Infrastructure as Code Fundamentals
Manual infrastructure provisioning doesn't scale and creates drift. Infrastructure as Code (IaC) makes your infrastructure reproducible, version-controlled, and self-documenting.
Why IaC?
- Reproducibility: Same code = same infrastructure
- Version control: Track and audit changes
- Collaboration: Review infrastructure changes like code
- Documentation: Code documents what exists
Terraform Basics
# main.tf
terraform {
required_providers {
aws = {
source = "hashicorp/aws"
version = "~> 5.0"
}
}
backend "s3" {
bucket = "my-terraform-state"
key = "prod/terraform.tfstate"
region = "us-east-1"
}
}
provider "aws" {
region = var.aws_region
}
# Variables
variable "aws_region" {
default = "us-east-1"
}
variable "environment" {
type = string
}
Data Infrastructure Example
# S3 bucket for data lake
resource "aws_s3_bucket" "data_lake" {
bucket = "company-data-lake-${var.environment}"
tags = {
Environment = var.environment
Purpose = "Data Lake"
}
}
resource "aws_s3_bucket_versioning" "data_lake" {
bucket = aws_s3_bucket.data_lake.id
versioning_configuration {
status = "Enabled"
}
}
# RDS for data warehouse
resource "aws_db_instance" "analytics" {
identifier = "analytics-${var.environment}"
engine = "postgres"
engine_version = "15"
instance_class = "db.r6g.large"
allocated_storage = 100
max_allocated_storage = 500
db_name = "analytics"
username = var.db_username
password = var.db_password
vpc_security_group_ids = [aws_security_group.db.id]

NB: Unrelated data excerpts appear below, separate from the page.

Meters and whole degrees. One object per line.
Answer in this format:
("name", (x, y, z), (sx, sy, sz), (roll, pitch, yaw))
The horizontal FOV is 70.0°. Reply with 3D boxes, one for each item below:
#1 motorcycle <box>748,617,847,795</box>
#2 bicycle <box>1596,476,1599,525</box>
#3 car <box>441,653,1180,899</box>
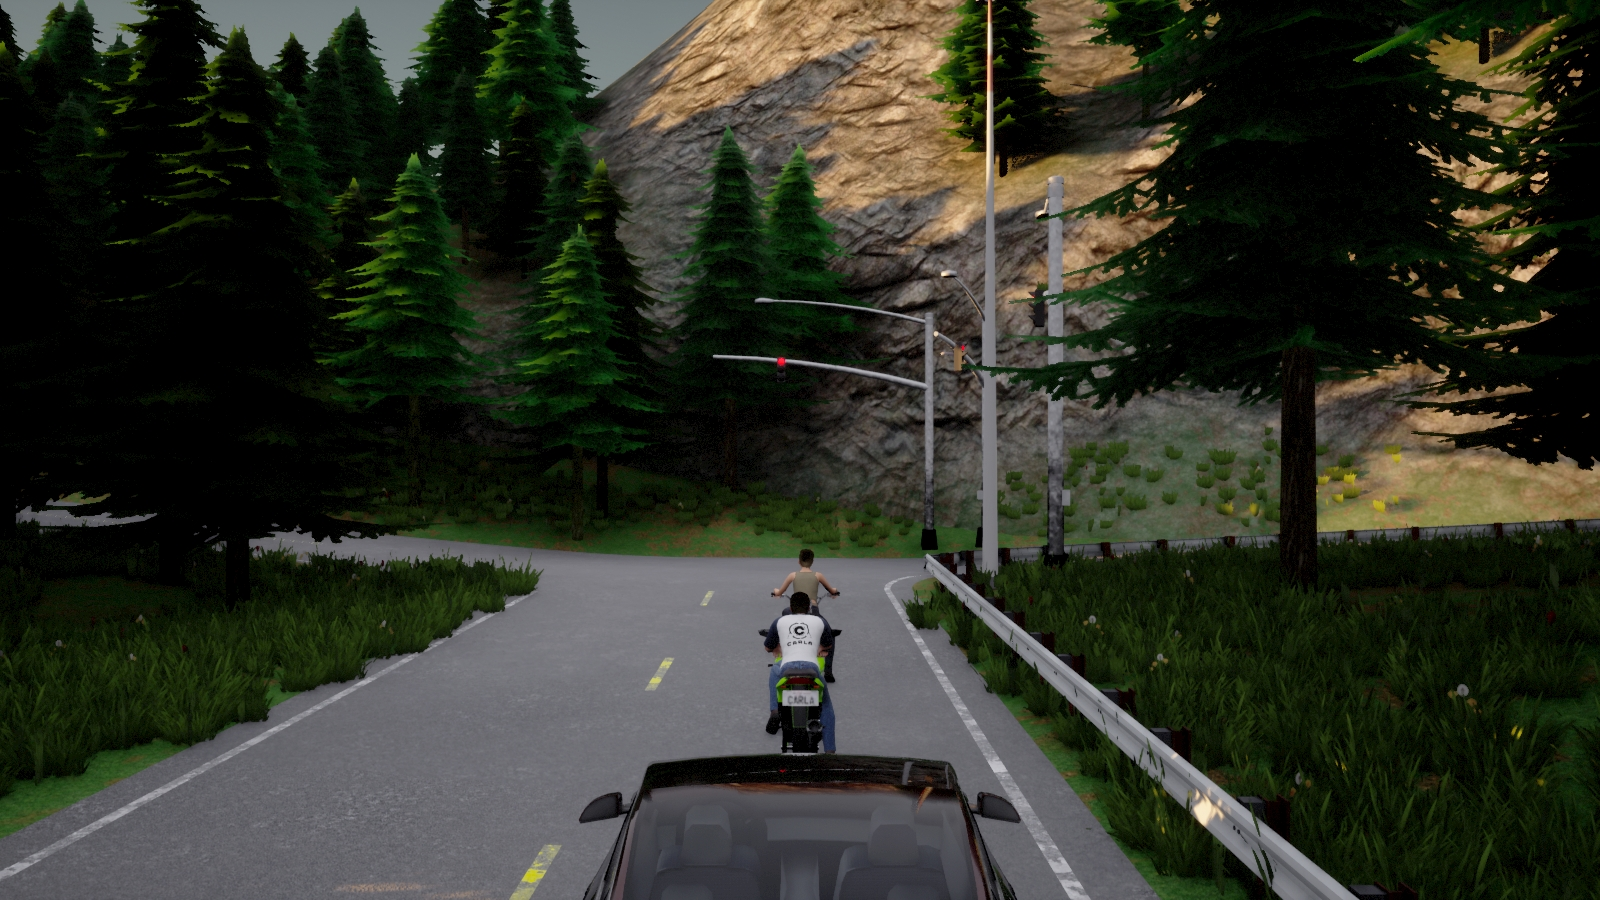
("motorcycle", (-0.020, 2.213, 10.238), (0.803, 1.145, 2.033), (0, 0, 0))
("bicycle", (21.725, 1.355, 29.474), (1.835, 1.471, 0.329), (-5, -2, 26))
("car", (0.029, 2.063, 5.012), (2.163, 1.488, 4.792), (0, 0, 0))
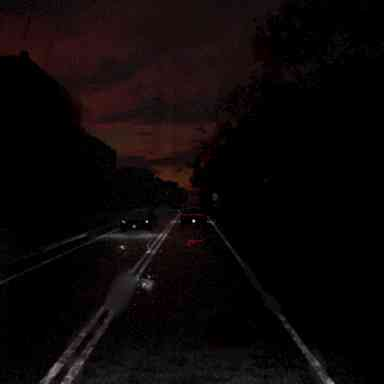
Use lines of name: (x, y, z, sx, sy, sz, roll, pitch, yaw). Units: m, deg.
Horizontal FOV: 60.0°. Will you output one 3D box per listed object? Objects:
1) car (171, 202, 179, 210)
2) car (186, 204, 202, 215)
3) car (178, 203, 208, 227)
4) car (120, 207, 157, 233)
car: (-3.043, 2.679, 63.699, 2.033, 1.411, 5.357, 0, -2, 1)
car: (0.201, 2.161, 41.813, 1.895, 1.301, 4.718, 0, -1, 0)
car: (0.134, 1.756, 24.982, 1.837, 1.490, 4.892, 0, -1, 0)
car: (-3.318, 1.728, 21.436, 1.812, 1.442, 4.674, 0, -1, 0)

db_subnet_group_name = aws_db_subnet_group.main.name
backup_retention_period = 7
skip_final_snapshot = false
}
Modules for Reusability
# modules/data-pipeline/main.tf
variable "pipeline_name" {}
variable "s3_bucket" {}
resource "aws_glue_job" "etl" {
name = var.pipeline_name
role_arn = aws_iam_role.glue.arn
command {
script_location = "s3://${var.s3_bucket}/scripts/${var.pipeline_name}.py"
python_version = "3"
}
}
# Usage
module "sales_pipeline" {
source = "./modules/data-pipeline"
pipeline_name = "sales-etl"
s3_bucket = aws_s3_bucket.scripts.id
}
Workflow
# Initialize
terraform init
# Preview changes
terraform plan
# Apply changes
terraform apply
# Destroy (careful!)
terraform destroy
Best Practices
- Always use remote state storage
- Lock state to prevent concurrent modifications
- Use workspaces or directories for environments
- Keep sensitive values in secrets manager
- Review plan output before applying
IaC is a fundamental skill for modern data engineering. Start small and expand coverage iteratively.